We have had a few nightmarish situations where communication between CUPS and the printer has not been good. In at least some cases it seems to have had to do with the way the cups-browsed service automatically adds the printer (sometimes it attaches to the wrong URI or driver). A clean and reliable way to set up printers is to add them manually to CUPS using lpadmin command line tool:

For example, here is how you would add a new cups printer:

But first, you will have to go into the printer firmware settings (via web browser, see below for finding printer ip on a network) and setting the printer to a static ip. If you are really smart, you will make corresponding entries into the router’s DHCP IP reservations (see Cradlepoint notes). This way, there will not be a chance of the DHCP server assigning that IP to another host, in which case you’ll be in trouble.

printer_name="my_special_label_printer"  # this will be the name of the printer in CUPS admin
printer_ip_or_node=192.168.x.x  # the ip or node name (e.g. BRN0080774FCA91) of the printer
decription="This is the description of my printer at station 1"  # description display in CUPS admin
location="Station 1"  # location display in cups admin 

lpadmin -p "$printer_name" -E -v ipp://$printer_ip_or_node/ipp/print -m everywhere -D "$decription" -L "$location"

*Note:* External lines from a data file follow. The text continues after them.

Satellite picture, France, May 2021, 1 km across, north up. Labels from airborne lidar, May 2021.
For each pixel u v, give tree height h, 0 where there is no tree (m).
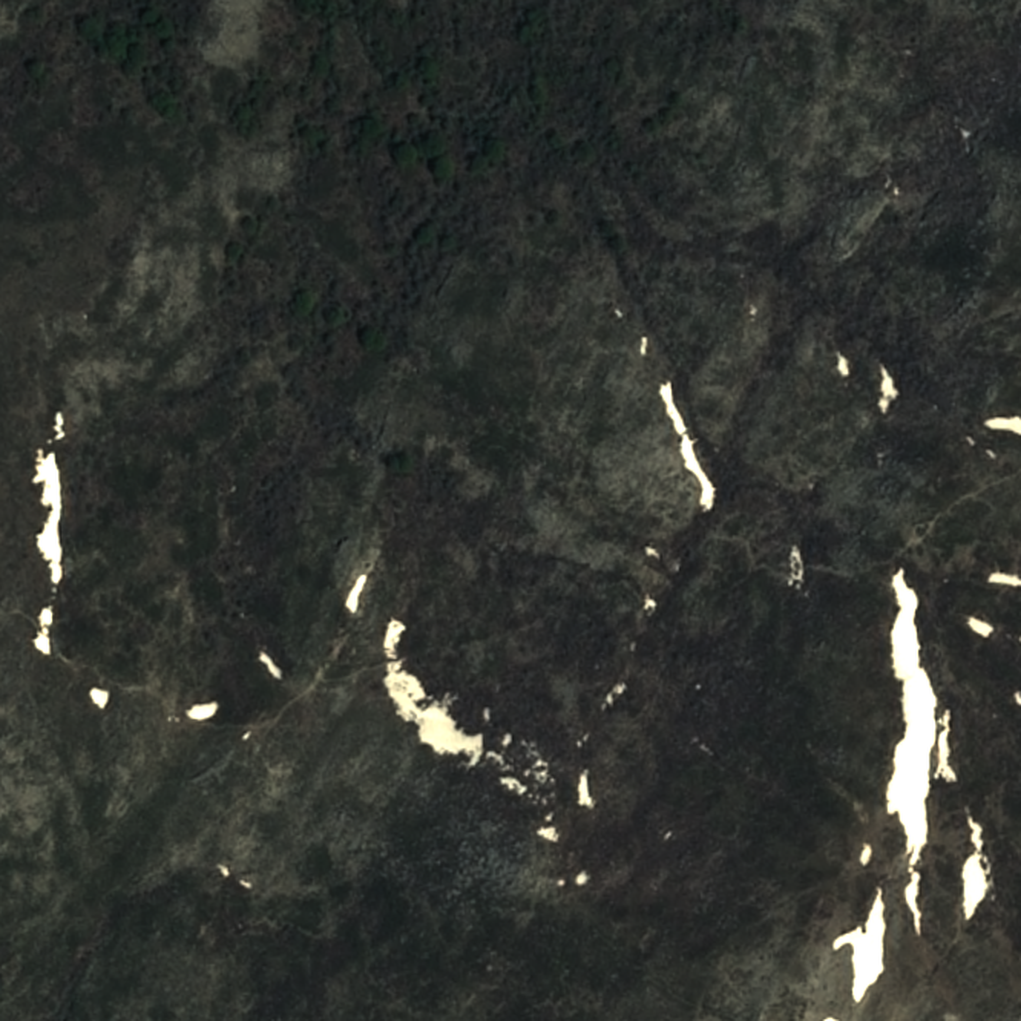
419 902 0
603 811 0
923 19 8
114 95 7
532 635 0
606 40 8
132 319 0
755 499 0
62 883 0
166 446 0
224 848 0
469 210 10
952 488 0
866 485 0
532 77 13
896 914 0
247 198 0
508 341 0
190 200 0
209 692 0
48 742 0
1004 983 0
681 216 7
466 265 0
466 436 0
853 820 0
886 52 0
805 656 0
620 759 0
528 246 0
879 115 0
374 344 14
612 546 0
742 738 0
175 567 0
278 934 0
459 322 0
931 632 0
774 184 0
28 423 0
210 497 0
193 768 0
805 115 0
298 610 0
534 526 0
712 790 0
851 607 0
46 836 0
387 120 13
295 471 7
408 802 0
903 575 0
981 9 0
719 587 0
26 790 0
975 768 0
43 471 0
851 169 0
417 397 0
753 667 0
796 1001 0
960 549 0
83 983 0
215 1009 0
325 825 0
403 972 0
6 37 0
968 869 0
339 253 0
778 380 0
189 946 0
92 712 0
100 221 0
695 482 0
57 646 0
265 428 0
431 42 10
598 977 0
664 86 0
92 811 0
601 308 0
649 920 0
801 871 0
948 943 0
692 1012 0
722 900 0
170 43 15
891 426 0
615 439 0
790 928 0
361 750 0
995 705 0
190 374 0
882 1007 0
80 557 0
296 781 0
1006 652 0
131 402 0
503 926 0
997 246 0
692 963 0
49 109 0
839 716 0
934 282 0
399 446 9
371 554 0
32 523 0
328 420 9
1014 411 0
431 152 20
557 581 0
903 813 0
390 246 11
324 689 0
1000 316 0
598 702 0
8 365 0
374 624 0
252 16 0
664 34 8
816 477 0
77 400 0
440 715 0
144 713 0
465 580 0
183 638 0
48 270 0
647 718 0
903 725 0
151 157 0
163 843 0
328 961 0
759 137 0
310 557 0
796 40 0
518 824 0
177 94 14
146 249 0
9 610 0
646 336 0
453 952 0
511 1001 0
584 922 0
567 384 0

If you are doing this, it is not a horrible idea to use static IPs for your printers OR you can also use the IPP network node name of the printer instead of the IP (e.g., ipp://BRN0080774FCA91/ipp/print).

Please refer to the CUPS docs for more details, or from the command line, lpadmin --help.

A quick way to check the IPs on the network assigned to a “Brother” host is:

sudo arp-scan -l | grep Brother

You can leave out the | grep Brother to see a list of all hosts on the network. Also, in our experience, if your printer is connected by wifi, it might not be listed as a Brother printer and you will have to do some detective work to figure out the IP.